• _What the task requires_
The count of lines below that include the string "Slate" is the whole answer; write it alone.

• _Study material_
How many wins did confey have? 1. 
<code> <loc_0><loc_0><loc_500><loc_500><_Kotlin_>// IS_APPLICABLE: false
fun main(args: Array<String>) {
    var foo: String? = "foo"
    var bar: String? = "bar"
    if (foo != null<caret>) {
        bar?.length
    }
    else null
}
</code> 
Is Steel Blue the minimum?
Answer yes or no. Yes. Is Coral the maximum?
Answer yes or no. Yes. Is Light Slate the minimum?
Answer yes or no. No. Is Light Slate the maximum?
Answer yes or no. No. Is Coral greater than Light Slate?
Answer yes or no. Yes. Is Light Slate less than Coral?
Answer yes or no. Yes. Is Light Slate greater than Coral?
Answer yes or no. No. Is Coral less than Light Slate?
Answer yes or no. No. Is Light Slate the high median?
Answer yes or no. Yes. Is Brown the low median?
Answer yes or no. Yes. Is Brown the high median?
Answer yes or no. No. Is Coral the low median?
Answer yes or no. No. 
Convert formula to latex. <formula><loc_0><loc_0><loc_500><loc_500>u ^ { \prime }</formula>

* * *

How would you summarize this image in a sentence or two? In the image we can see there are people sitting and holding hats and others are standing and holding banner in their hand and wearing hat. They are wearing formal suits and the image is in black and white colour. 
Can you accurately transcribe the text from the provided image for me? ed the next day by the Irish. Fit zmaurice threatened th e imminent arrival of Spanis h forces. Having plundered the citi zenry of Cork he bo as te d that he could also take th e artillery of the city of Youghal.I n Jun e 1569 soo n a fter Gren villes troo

• _Answer section_
7